We broke up some of the standard sites with some diversions such as a night time Segway tour of the city, which offered a different perspective of Paris at night and was knowledgeably led by a French history major who was able to expound upon historic details regarding each of the stops along the tour. Another day during our stay in Paris, we took a break from hoofing it around and about the city on a Seine River cruise; touristic river cruises in many cities provide such an amazing vantage point that is often missed on terrestrial only sightseeing itineraries. A couple of the museums on our agenda, Cité de la Musique and Musée des égoûts de Paris, were two of what I’d guess would be some of the lesser known or visited museums in Paris. My son, being a talented musician had an interest in the music museum (located toward the northeast outskirts of the city), and my son and I, both enjoying seeing some unusual points of interest, found the the sewer museum to be a nice (if not the best smelling) departure from the typical sightseeing stops.

Of course, we were obligated to take in the incredible architecture of the numerous churches and cathedrals lacing the city. Notre Dame was spectacular as expected, inside and out, as was the Basilique Sacré-Coeur of Montmartre, along with too many other churches and cathedrals to mention or even remember by name after the passing of more than four years. We happened to be in Paris for Easter since our visit was during my son’s spring break from high school, and as such we found our way to the American Cathedral in Paris for a memorable and meaningful Easter Day service. We of course managed our way to see the usual suspects – the Eiffel Tour, The Arc de Triomphe, Palais Garnier – Opera National de Paris, the Panthéon and the like; but we also just ambled our way through the city to soak up the atmosphere via the city squares, parks, bridges, districts, gardens and streets themselves. We did manage to squeeze a day trip via train to Versailles, since the palace and gardens were not to be missed. While it was cold and rainy on the day of our trip to Versailles, the weather didn’t detract from Versailles’ splendor.

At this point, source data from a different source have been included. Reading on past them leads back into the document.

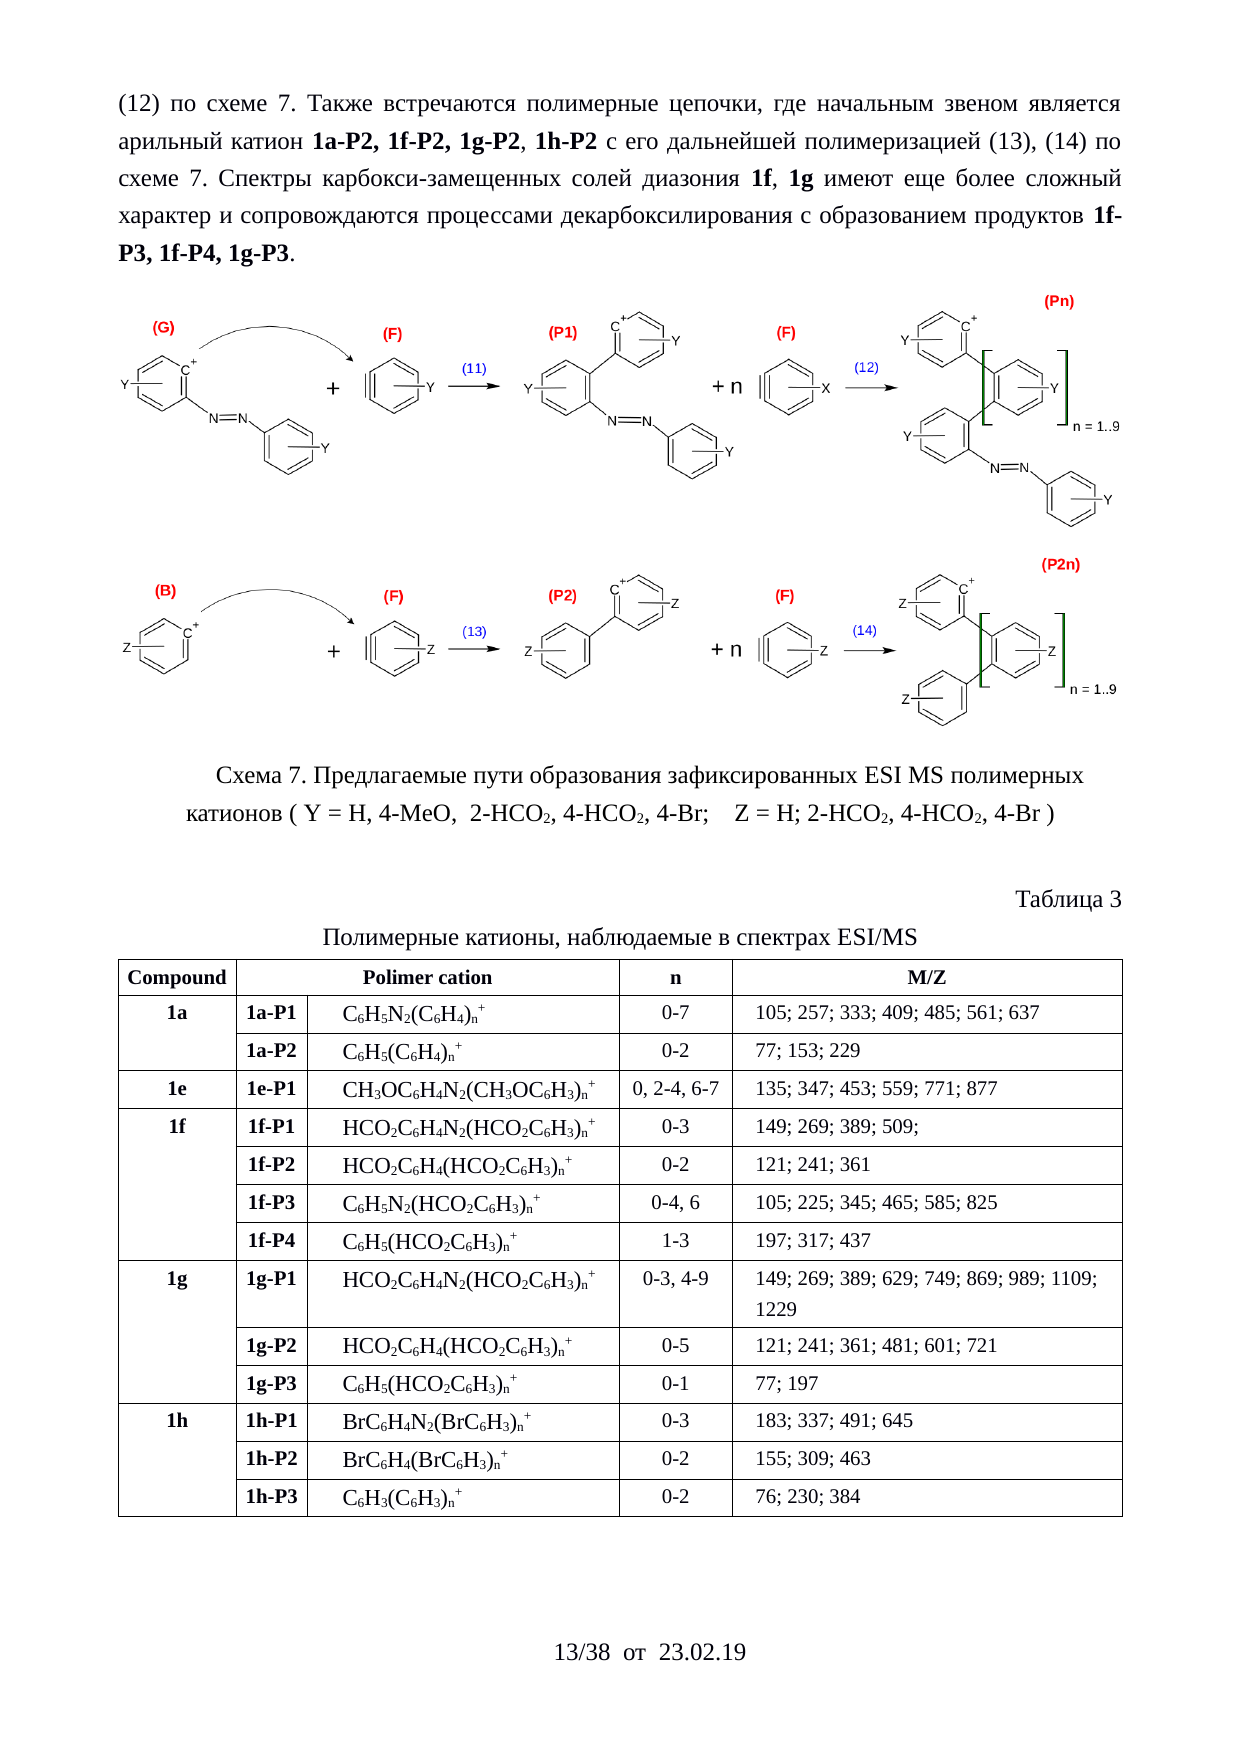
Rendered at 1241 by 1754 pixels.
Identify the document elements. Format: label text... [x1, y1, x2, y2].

table_header Polimer cation [237, 960, 619, 994]
table_header n [620, 960, 732, 994]
table_cell 1g [119, 1261, 236, 1403]
table_cell 1h-P2 [237, 1442, 307, 1478]
table_cell 0-2 [620, 1442, 732, 1478]
table_cell C6H3(C6H3)n+ [308, 1480, 619, 1516]
table_cell 0, 2-4, 6-7 [620, 1071, 732, 1108]
table_cell 1a [119, 996, 236, 1070]
table_header Compound [119, 960, 236, 994]
table_cell 183; 337; 491; 645 [733, 1404, 1122, 1441]
table_cell 0-1 [620, 1366, 732, 1403]
table_cell BrC6H4(BrC6H3)n+ [308, 1442, 619, 1478]
table_cell 0-2 [620, 1147, 732, 1184]
table_cell 0-7 [620, 996, 732, 1032]
table_cell 1f [119, 1109, 236, 1260]
table_cell 0-3 [620, 1109, 732, 1146]
table_cell 0-5 [620, 1328, 732, 1365]
table_cell 1e [119, 1071, 236, 1108]
table_cell 1f-P1 [237, 1109, 307, 1146]
table_cell 155; 309; 463 [733, 1442, 1122, 1478]
table_cell 76; 230; 384 [733, 1480, 1122, 1516]
table_cell 0-4, 6 [620, 1185, 732, 1222]
table_cell CH3OC6H4N2(CH3OC6H3)n+ [308, 1071, 619, 1108]
table_cell 1e-P1 [237, 1071, 307, 1108]
table_cell 1-3 [620, 1223, 732, 1260]
table_cell 0-2 [620, 1034, 732, 1070]
table_cell 1g-P1 [237, 1261, 307, 1327]
table_cell HCO2C6H4N2(HCO2C6H3)n+ [308, 1109, 619, 1146]
table_cell 0-2 [620, 1480, 732, 1516]
table_cell 121; 241; 361; 481; 601; 721 [733, 1328, 1122, 1365]
picture [118, 286, 1123, 533]
table_cell HCO2C6H4N2(HCO2C6H3)n+ [308, 1261, 619, 1327]
text (12) по схеме 7. Также встречаются полимерные цепочки, где начальным звеном является арильный катион 1a-P2, 1f-P2, 1g-P2, 1h-P2 с его дальнейшей полимеризацией (13), (14) по схеме 7. Спектры карбокси-замещенных солей диазония 1f, 1g имеют еще более сложный характер и сопровождаются процессами декарбоксилирования с образованием продуктов 1f-P3, 1f-P4, 1g-P3. [118, 88, 1122, 266]
table_cell BrC6H4N2(BrC6H3)n+ [308, 1404, 619, 1441]
table_cell 1a-P2 [237, 1034, 307, 1070]
table_cell 77; 197 [733, 1366, 1122, 1403]
picture [118, 553, 1123, 734]
table_cell C6H5N2(C6H4)n+ [308, 996, 619, 1032]
table_cell 105; 257; 333; 409; 485; 561; 637 [733, 996, 1122, 1032]
table_cell 1g-P2 [237, 1328, 307, 1365]
table_cell 0-3, 4-9 [620, 1261, 732, 1327]
text Таблица 3 [118, 884, 1122, 913]
table_cell 149; 269; 389; 509; [733, 1109, 1122, 1146]
table_cell 149; 269; 389; 629; 749; 869; 989; 1109; 1229 [733, 1261, 1122, 1327]
table_cell HCO2C6H4(HCO2C6H3)n+ [308, 1328, 619, 1365]
table_header M/Z [733, 960, 1122, 994]
table_cell HCO2C6H4(HCO2C6H3)n+ [308, 1147, 619, 1184]
table_cell 0-3 [620, 1404, 732, 1441]
text Полимерные катионы, наблюдаемые в спектрах ESI/MS [118, 922, 1122, 950]
table_cell 1h-P1 [237, 1404, 307, 1441]
table_cell C6H5N2(HCO2C6H3)n+ [308, 1185, 619, 1222]
table_cell 1a-P1 [237, 996, 307, 1032]
table_cell 1f-P4 [237, 1223, 307, 1260]
table_cell 1h-P3 [237, 1480, 307, 1516]
table_cell C6H5(HCO2C6H3)n+ [308, 1223, 619, 1260]
table_cell 1h [119, 1404, 236, 1516]
table_cell 135; 347; 453; 559; 771; 877 [733, 1071, 1122, 1108]
table_cell 1f-P2 [237, 1147, 307, 1184]
table_cell 197; 317; 437 [733, 1223, 1122, 1260]
table_cell 77; 153; 229 [733, 1034, 1122, 1070]
table_cell 1g-P3 [237, 1366, 307, 1403]
text Схема 7. Предлагаемые пути образования зафиксированных ESI MS полимерных катионов ( Y = H, 4-MeO, 2-HCO2, 4-HCO2, 4-Br; Z = H; 2-HCO2, 4-HCO2, 4-Br ) [118, 761, 1122, 827]
table_cell 121; 241; 361 [733, 1147, 1122, 1184]
table_cell C6H5(C6H4)n+ [308, 1034, 619, 1070]
table_cell 105; 225; 345; 465; 585; 825 [733, 1185, 1122, 1222]
table_cell 1f-P3 [237, 1185, 307, 1222]
table_cell C6H5(HCO2C6H3)n+ [308, 1366, 619, 1403]

Per common knowledge and living up to its reputation, Parisian fare is worth a trip to France just for dining’s sake. During our wanderings through Paris, Devan and I sampled crepes (leading to my son’s Nutella addiction), fresh breads, rich cheeses, light macarons, delectable pastries and too many exquisite French cuisine delights for our own good. All of our meals and snacks in Paris were notable as were the historical and beautiful sites we visited, but one of my favorite memories of the trip is of the kind treatment bestowed upon us by so many of the locals. While studying our map of Père Lachaise Cemetery in our quest to find the graves of Jim Morrison and Chopin, an elderly gentleman approached Devan and me asking if he could help us find something. We told him which graves we wanted to visit, but that we had a map to lead our way. He insisted on accompanying us to each, saying we’d have a difficult time even with the map. Other travelers have managed unguided, so I was wondering if he thought Devan and I didn’t look to be all that bright. 🙂 BUT, we accepted his gracious offer to guide us to visit Morrison and Chopin and were regaled with his vast knowledge of the cemetery and Paris in general. He also asked if we had anything else on our itinerary that he could help us find. After he led us to Jim Morrison’s and Chopin’s resting places, the kind gentleman pointed us in the direction of the music museum. This encounter was not our sole experience with unsolicited kindness of locals in Paris. Another day while consulting our handy dandy attraction maps, we were again approached by a Parisian offering to help direct us to our destination of the catacombs. Devan and I actually enjoy the opportunity to roam and take a few wrong turns (time permitting, of course) as we explore our vacation destinations, but we also have been extremely fortunate to be confronted with kindness, rather than the hostility we so often hear about during others’ travel escapades. I can only hope that we’ll be lucky enough to have these same types of positive experiences during our upcoming venture to Prague, Vienna and Budapest!